Uniquely, John Barnes has appeared in every major role for the show: firstly, he hosted the programme then, when Murray was appointed host, Barnes appeared as a co-commentator. He also appeared as a pitchside analyst speaking to resident reporter Dave Beckett, giving his thoughts on the action during the match, at half time and at full-time, and conducting post-match interviews. Barnes left after he became manager of Tranmere Rovers and was replaced by Collymore. He was sacked as manager after a poor run of results, but has never returned to Channel 5 but has since appeared on ESPN UK as a pundit. Channel 5 use a variety of pundits for Football League & League Cup programming however Alan Curbishley, Chris Iwelumo, Clinton Morrison, Michael Gray and Adam Virgo all feature regularly. More pundits have included Kevin Davies, David James and Francis Benali. As for co-commentators, recently the likes of Nigel Spackman, Phil Brown, Owen Hargreaves (co-commentator and pundit) and John Hartson have appeared on their League Cup coverage.

== Reporters ==
Football League coverage on Channel 5 has numerous reporters at each game. Tom Skippings is the main reporter for most programmes. Two other notable reporters are Nick Halling and Sue Thearle - both taken from the BBC. Jack Woodward, Dan Mason, Dave Beckett and John Anderson all also feature semi-regularly.

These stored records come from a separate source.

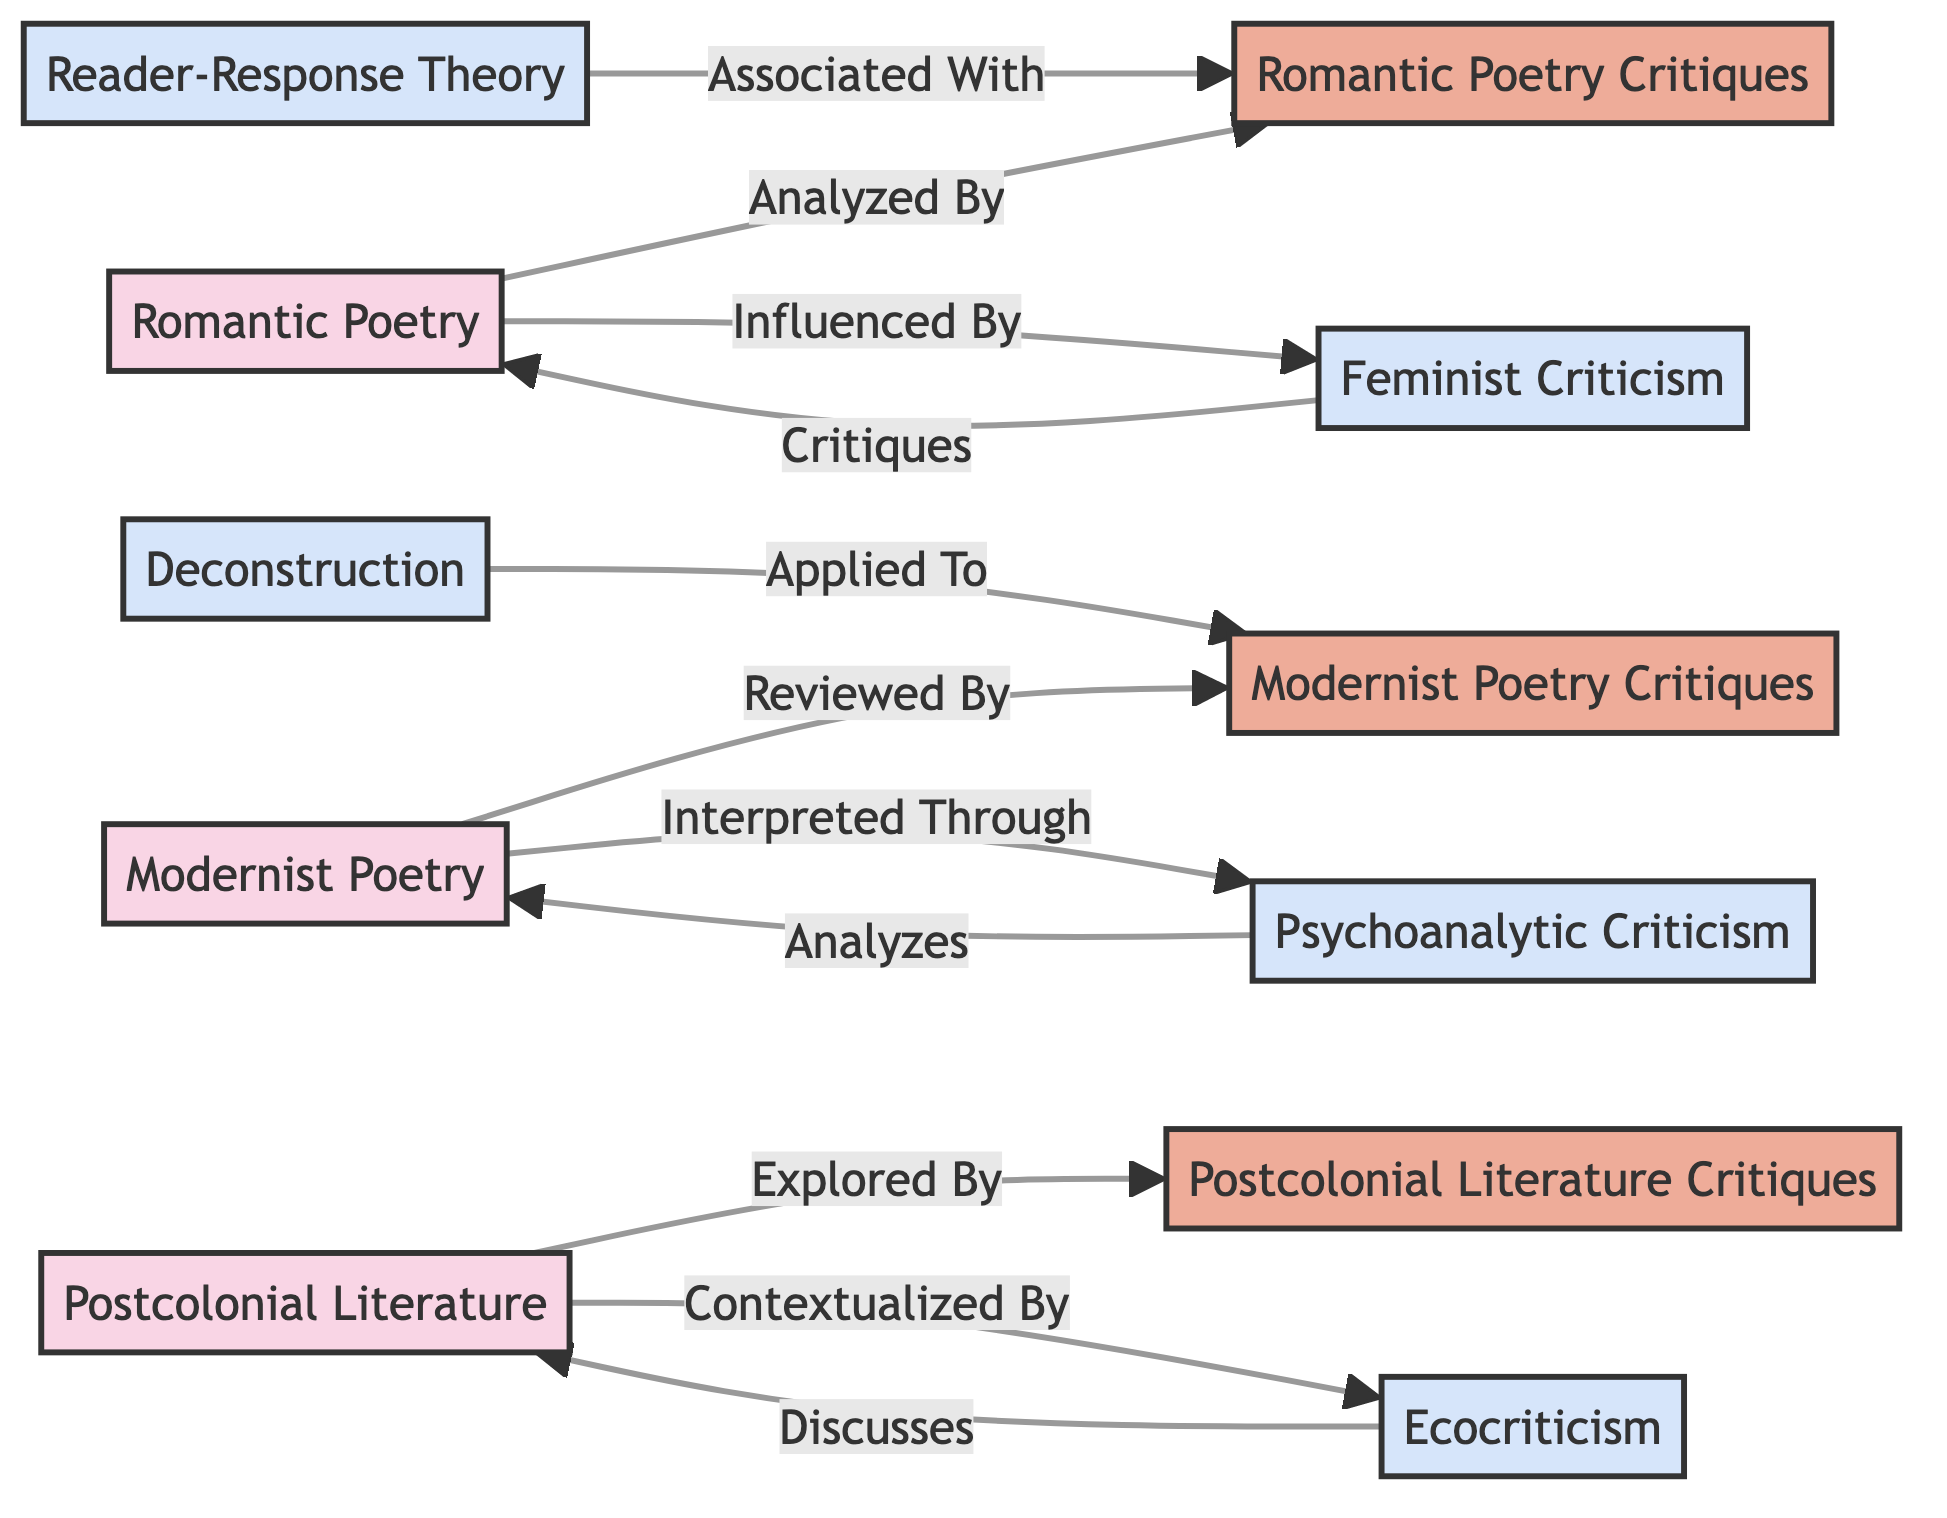What are the three major book topics represented in the diagram? The diagram includes three major book topics: Romantic Poetry, Modernist Poetry, and Postcolonial Literature. Each of these is represented as a distinct node in the graph.
Answer: Romantic Poetry, Modernist Poetry, Postcolonial Literature How many critiques are listed in the diagram? There are three critiques listed in the diagram: Romantic Poetry Critiques, Modernist Poetry Critiques, and Postcolonial Literature Critiques. Each critique is represented as a node associated with the major book topics.
Answer: 3 Which critique is associated with Reader-Response Theory? Reader-Response Theory is associated with Romantic Poetry Critiques, as indicated by the edge labeled "Associated With." This shows the relationship between the critique and the theory.
Answer: Romantic Poetry Critiques What type of theory interprets Modernist Poetry? Psychoanalytic Criticism is identified as the theory that interprets Modernist Poetry, indicated by the edge labeled "Interpreted Through."
Answer: Psychoanalytic Criticism Which book topic is influenced by Feminist Criticism? Romantic Poetry is influenced by Feminist Criticism, as shown by the edge labeled "Influenced By." This establishes the direction of influence from the theory to the topic.
Answer: Romantic Poetry How is Postcolonial Literature contextualized? Postcolonial Literature is contextualized by Ecocriticism, which is shown by the edge labeled "Contextualized By." This signifies the relationship that provides context to the literature through the theory.
Answer: Ecocriticism Which theory critiques Romantic Poetry? Feminist Criticism critiques Romantic Poetry, as indicated by the edge labeled "Critiques." This directly establishes which theory is interacting with the book topic.
Answer: Feminist Criticism What type of critique is explored in relation to Postcolonial Literature? Postcolonial Literature Critiques are explored in relation to Postcolonial Literature, directly connected by the edge labeled "Explored By."
Answer: Postcolonial Literature Critiques How many edges are present in the diagram? The diagram has a total of ten edges, which connect various book topics and critiques, illustrating the relationships among them.
Answer: 10 
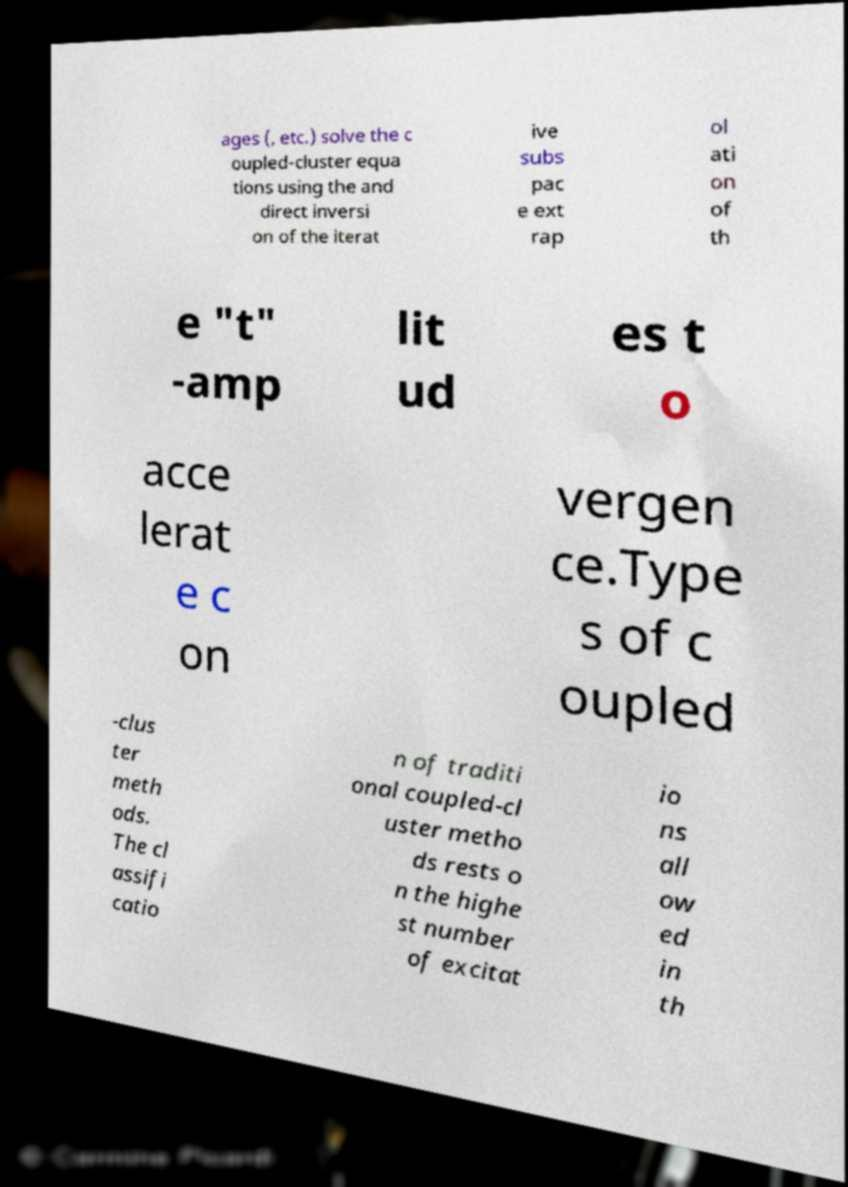Can you read and provide the text displayed in the image?This photo seems to have some interesting text. Can you extract and type it out for me? ages (, etc.) solve the c oupled-cluster equa tions using the and direct inversi on of the iterat ive subs pac e ext rap ol ati on of th e "t" -amp lit ud es t o acce lerat e c on vergen ce.Type s of c oupled -clus ter meth ods. The cl assifi catio n of traditi onal coupled-cl uster metho ds rests o n the highe st number of excitat io ns all ow ed in th 
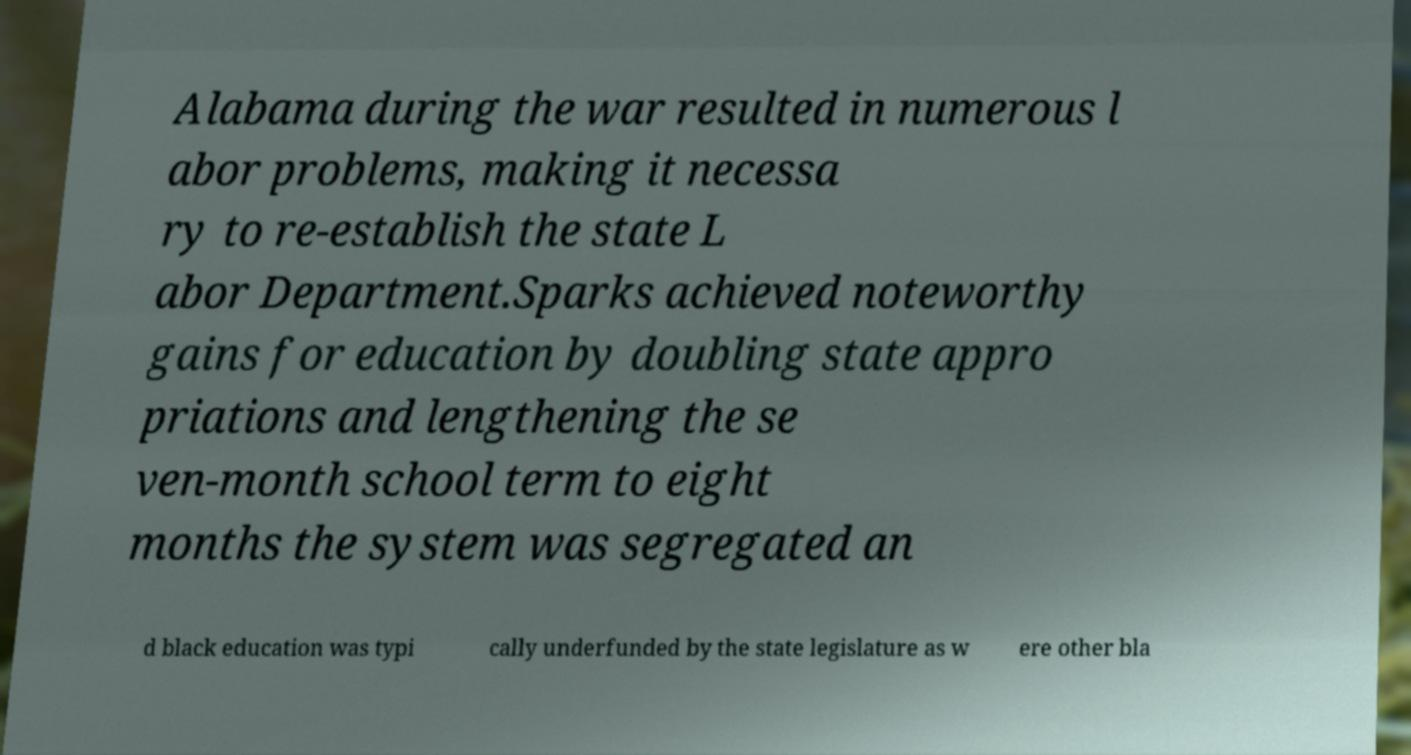For documentation purposes, I need the text within this image transcribed. Could you provide that? Alabama during the war resulted in numerous l abor problems, making it necessa ry to re-establish the state L abor Department.Sparks achieved noteworthy gains for education by doubling state appro priations and lengthening the se ven-month school term to eight months the system was segregated an d black education was typi cally underfunded by the state legislature as w ere other bla

For the 2016/17 season, Channel 5 used 22 reporters during the course of the season, as well as those mentioned. Oliver Wilson, Will Cope, Dan O'Hagan, Alex Gordon-Martin, Faye Carruthers, Chris Maughan, Mick Conway, Jonathan Beck, Steve Lee, Andy Hodgson, Jonathan Legard, Simon Watts, Callum Williams, Chris Wise and Tony Colliver have all appeared during the 2016/17 season.